** PROMPT **
Your output should contain every record, unchanged.

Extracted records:
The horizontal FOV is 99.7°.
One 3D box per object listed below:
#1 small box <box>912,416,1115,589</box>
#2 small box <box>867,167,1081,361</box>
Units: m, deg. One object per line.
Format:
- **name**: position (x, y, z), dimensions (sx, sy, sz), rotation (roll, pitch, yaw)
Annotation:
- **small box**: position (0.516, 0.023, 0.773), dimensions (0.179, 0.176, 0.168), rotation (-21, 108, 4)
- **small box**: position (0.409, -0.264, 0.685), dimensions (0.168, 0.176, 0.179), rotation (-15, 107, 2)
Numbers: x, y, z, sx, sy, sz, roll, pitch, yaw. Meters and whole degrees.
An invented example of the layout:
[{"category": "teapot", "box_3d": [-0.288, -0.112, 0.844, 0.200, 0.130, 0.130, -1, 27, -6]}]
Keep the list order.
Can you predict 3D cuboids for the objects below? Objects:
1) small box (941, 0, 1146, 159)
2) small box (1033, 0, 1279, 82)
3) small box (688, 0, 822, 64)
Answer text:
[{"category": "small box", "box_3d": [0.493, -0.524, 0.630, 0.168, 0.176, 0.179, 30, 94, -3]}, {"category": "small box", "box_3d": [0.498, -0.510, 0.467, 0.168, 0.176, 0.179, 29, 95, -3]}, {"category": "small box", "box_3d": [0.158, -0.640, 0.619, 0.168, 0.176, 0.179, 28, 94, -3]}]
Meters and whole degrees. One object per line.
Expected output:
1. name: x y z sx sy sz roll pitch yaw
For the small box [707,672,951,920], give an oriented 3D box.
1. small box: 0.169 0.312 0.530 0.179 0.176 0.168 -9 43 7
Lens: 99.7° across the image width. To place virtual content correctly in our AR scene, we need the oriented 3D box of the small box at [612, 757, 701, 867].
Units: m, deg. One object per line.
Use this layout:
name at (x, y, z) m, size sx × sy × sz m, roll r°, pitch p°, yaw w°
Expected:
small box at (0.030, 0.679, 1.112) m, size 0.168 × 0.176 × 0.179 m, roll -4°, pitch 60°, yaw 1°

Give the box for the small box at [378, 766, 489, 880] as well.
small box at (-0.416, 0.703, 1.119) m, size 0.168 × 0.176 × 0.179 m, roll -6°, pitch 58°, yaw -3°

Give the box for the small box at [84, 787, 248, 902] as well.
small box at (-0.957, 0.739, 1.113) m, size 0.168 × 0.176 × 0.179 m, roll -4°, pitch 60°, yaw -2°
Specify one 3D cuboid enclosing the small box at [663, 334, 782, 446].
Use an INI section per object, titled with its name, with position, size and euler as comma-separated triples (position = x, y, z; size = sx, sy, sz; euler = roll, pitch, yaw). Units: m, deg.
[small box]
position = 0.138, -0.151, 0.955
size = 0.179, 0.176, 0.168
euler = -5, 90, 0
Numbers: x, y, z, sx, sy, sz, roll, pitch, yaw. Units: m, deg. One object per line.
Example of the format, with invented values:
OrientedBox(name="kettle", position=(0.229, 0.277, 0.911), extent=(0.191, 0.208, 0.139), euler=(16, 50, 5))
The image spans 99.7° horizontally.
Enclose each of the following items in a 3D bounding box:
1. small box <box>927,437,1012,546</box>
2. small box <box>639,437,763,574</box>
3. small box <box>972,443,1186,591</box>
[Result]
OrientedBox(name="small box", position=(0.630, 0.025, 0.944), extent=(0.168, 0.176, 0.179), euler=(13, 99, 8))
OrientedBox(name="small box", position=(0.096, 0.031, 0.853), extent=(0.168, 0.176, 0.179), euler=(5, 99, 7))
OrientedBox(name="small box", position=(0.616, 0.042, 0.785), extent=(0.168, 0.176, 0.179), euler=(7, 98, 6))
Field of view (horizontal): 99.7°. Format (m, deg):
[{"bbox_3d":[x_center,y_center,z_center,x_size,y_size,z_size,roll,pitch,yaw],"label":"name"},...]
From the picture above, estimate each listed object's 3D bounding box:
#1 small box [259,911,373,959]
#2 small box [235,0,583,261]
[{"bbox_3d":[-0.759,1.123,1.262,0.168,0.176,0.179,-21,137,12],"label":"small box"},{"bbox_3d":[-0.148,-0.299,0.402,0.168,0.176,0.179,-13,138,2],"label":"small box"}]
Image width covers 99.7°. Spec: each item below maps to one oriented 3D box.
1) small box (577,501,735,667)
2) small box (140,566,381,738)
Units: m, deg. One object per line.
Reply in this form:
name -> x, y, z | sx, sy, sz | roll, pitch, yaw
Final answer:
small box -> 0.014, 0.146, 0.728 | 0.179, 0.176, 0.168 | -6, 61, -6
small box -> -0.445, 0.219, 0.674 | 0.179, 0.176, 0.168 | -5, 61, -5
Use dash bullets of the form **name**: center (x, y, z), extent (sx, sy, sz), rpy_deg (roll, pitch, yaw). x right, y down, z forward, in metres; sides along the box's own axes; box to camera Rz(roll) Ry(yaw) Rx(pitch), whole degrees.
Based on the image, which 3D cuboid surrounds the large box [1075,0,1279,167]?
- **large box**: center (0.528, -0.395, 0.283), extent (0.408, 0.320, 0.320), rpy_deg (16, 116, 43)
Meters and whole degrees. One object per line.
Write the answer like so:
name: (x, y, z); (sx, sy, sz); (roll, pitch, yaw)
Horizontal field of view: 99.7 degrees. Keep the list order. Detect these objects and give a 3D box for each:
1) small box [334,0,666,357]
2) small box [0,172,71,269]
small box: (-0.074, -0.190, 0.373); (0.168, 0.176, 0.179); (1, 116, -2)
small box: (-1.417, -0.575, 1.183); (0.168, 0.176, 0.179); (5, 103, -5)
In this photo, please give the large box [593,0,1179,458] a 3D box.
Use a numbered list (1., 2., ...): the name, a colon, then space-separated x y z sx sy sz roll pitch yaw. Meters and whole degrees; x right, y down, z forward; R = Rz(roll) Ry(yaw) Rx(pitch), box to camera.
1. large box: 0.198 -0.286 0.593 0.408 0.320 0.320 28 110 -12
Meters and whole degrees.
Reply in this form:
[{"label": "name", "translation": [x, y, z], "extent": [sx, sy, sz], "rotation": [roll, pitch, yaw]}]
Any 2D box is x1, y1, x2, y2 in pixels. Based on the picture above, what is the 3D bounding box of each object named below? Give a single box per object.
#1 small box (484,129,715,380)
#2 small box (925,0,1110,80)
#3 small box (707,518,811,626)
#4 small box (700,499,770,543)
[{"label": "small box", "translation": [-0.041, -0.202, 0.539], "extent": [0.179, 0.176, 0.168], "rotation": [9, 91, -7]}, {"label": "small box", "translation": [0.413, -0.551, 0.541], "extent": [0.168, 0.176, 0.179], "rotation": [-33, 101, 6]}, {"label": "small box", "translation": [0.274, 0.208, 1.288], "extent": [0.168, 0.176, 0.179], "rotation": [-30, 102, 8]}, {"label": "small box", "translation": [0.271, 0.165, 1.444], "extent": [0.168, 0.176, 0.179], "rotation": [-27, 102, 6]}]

** FINISHED EXERCISE **
The horizontal FOV is 99.7°.
One 3D box per object listed below:
#1 small box <box>912,416,1115,589</box>
#2 small box <box>867,167,1081,361</box>
Units: m, deg. One object per line.
Format:
- **name**: position (x, y, z), dimensions (sx, sy, sz), rotation (roll, pitch, yaw)
Annotation:
- **small box**: position (0.516, 0.023, 0.773), dimensions (0.179, 0.176, 0.168), rotation (-21, 108, 4)
- **small box**: position (0.409, -0.264, 0.685), dimensions (0.168, 0.176, 0.179), rotation (-15, 107, 2)
Numbers: x, y, z, sx, sy, sz, roll, pitch, yaw. Meters and whole degrees.
An invented example of the layout:
[{"category": "teapot", "box_3d": [-0.288, -0.112, 0.844, 0.200, 0.130, 0.130, -1, 27, -6]}]
Keep the list order.
Can you predict 3D cuboids for the objects below? Objects:
1) small box (941, 0, 1146, 159)
2) small box (1033, 0, 1279, 82)
3) small box (688, 0, 822, 64)
Answer text:
[{"category": "small box", "box_3d": [0.493, -0.524, 0.630, 0.168, 0.176, 0.179, 30, 94, -3]}, {"category": "small box", "box_3d": [0.498, -0.510, 0.467, 0.168, 0.176, 0.179, 29, 95, -3]}, {"category": "small box", "box_3d": [0.158, -0.640, 0.619, 0.168, 0.176, 0.179, 28, 94, -3]}]
Meters and whole degrees. One object per line.
Expected output:
1. name: x y z sx sy sz roll pitch yaw
For the small box [707,672,951,920], give an oriented 3D box.
1. small box: 0.169 0.312 0.530 0.179 0.176 0.168 -9 43 7
Lens: 99.7° across the image width. To place virtual content correctly in our AR scene, we need the oriented 3D box of the small box at [612, 757, 701, 867].
Units: m, deg. One object per line.
Use this layout:
name at (x, y, z) m, size sx × sy × sz m, roll r°, pitch p°, yaw w°
Expected:
small box at (0.030, 0.679, 1.112) m, size 0.168 × 0.176 × 0.179 m, roll -4°, pitch 60°, yaw 1°

Give the box for the small box at [378, 766, 489, 880] as well.
small box at (-0.416, 0.703, 1.119) m, size 0.168 × 0.176 × 0.179 m, roll -6°, pitch 58°, yaw -3°

Give the box for the small box at [84, 787, 248, 902] as well.
small box at (-0.957, 0.739, 1.113) m, size 0.168 × 0.176 × 0.179 m, roll -4°, pitch 60°, yaw -2°
Specify one 3D cuboid enclosing the small box at [663, 334, 782, 446].
Use an INI section per object, titled with its name, with position, size and euler as comma-separated triples (position = x, y, z; size = sx, sy, sz; euler = roll, pitch, yaw). Units: m, deg.
[small box]
position = 0.138, -0.151, 0.955
size = 0.179, 0.176, 0.168
euler = -5, 90, 0
Numbers: x, y, z, sx, sy, sz, roll, pitch, yaw. Units: m, deg. One object per line.
Example of the format, with invented values:
OrientedBox(name="kettle", position=(0.229, 0.277, 0.911), extent=(0.191, 0.208, 0.139), euler=(16, 50, 5))
The image spans 99.7° horizontally.
Enclose each of the following items in a 3D bounding box:
1. small box <box>927,437,1012,546</box>
2. small box <box>639,437,763,574</box>
3. small box <box>972,443,1186,591</box>
[Result]
OrientedBox(name="small box", position=(0.630, 0.025, 0.944), extent=(0.168, 0.176, 0.179), euler=(13, 99, 8))
OrientedBox(name="small box", position=(0.096, 0.031, 0.853), extent=(0.168, 0.176, 0.179), euler=(5, 99, 7))
OrientedBox(name="small box", position=(0.616, 0.042, 0.785), extent=(0.168, 0.176, 0.179), euler=(7, 98, 6))
Field of view (horizontal): 99.7°. Format (m, deg):
[{"bbox_3d":[x_center,y_center,z_center,x_size,y_size,z_size,roll,pitch,yaw],"label":"name"},...]
From the picture above, estimate each listed object's 3D bounding box:
#1 small box [259,911,373,959]
#2 small box [235,0,583,261]
[{"bbox_3d":[-0.759,1.123,1.262,0.168,0.176,0.179,-21,137,12],"label":"small box"},{"bbox_3d":[-0.148,-0.299,0.402,0.168,0.176,0.179,-13,138,2],"label":"small box"}]
Image width covers 99.7°. Spec: each item below maps to one oriented 3D box.
1) small box (577,501,735,667)
2) small box (140,566,381,738)
Units: m, deg. One object per line.
Reply in this form:
name -> x, y, z | sx, sy, sz | roll, pitch, yaw
Final answer:
small box -> 0.014, 0.146, 0.728 | 0.179, 0.176, 0.168 | -6, 61, -6
small box -> -0.445, 0.219, 0.674 | 0.179, 0.176, 0.168 | -5, 61, -5
Use dash bullets of the form **name**: center (x, y, z), extent (sx, sy, sz), rpy_deg (roll, pitch, yaw). x right, y down, z forward, in metres; sides along the box's own axes; box to camera Rz(roll) Ry(yaw) Rx(pitch), whole degrees.
Based on the image, which 3D cuboid surrounds the large box [1075,0,1279,167]?
- **large box**: center (0.528, -0.395, 0.283), extent (0.408, 0.320, 0.320), rpy_deg (16, 116, 43)
Meters and whole degrees. One object per line.
Write the answer like so:
name: (x, y, z); (sx, sy, sz); (roll, pitch, yaw)
Horizontal field of view: 99.7 degrees. Keep the list order. Detect these objects and give a 3D box for each:
1) small box [334,0,666,357]
2) small box [0,172,71,269]
small box: (-0.074, -0.190, 0.373); (0.168, 0.176, 0.179); (1, 116, -2)
small box: (-1.417, -0.575, 1.183); (0.168, 0.176, 0.179); (5, 103, -5)
In this photo, please give the large box [593,0,1179,458] a 3D box.
Use a numbered list (1., 2., ...): the name, a colon, then space-separated x y z sx sy sz roll pitch yaw. Meters and whole degrees; x right, y down, z forward; R = Rz(roll) Ry(yaw) Rx(pitch), box to camera.
1. large box: 0.198 -0.286 0.593 0.408 0.320 0.320 28 110 -12
Meters and whole degrees.
Reply in this form:
[{"label": "name", "translation": [x, y, z], "extent": [sx, sy, sz], "rotation": [roll, pitch, yaw]}]
Any 2D box is x1, y1, x2, y2 in pixels. Based on the picture above, what is the 3D bounding box of each object named below? Give a single box per object.
#1 small box (484,129,715,380)
#2 small box (925,0,1110,80)
#3 small box (707,518,811,626)
#4 small box (700,499,770,543)
[{"label": "small box", "translation": [-0.041, -0.202, 0.539], "extent": [0.179, 0.176, 0.168], "rotation": [9, 91, -7]}, {"label": "small box", "translation": [0.413, -0.551, 0.541], "extent": [0.168, 0.176, 0.179], "rotation": [-33, 101, 6]}, {"label": "small box", "translation": [0.274, 0.208, 1.288], "extent": [0.168, 0.176, 0.179], "rotation": [-30, 102, 8]}, {"label": "small box", "translation": [0.271, 0.165, 1.444], "extent": [0.168, 0.176, 0.179], "rotation": [-27, 102, 6]}]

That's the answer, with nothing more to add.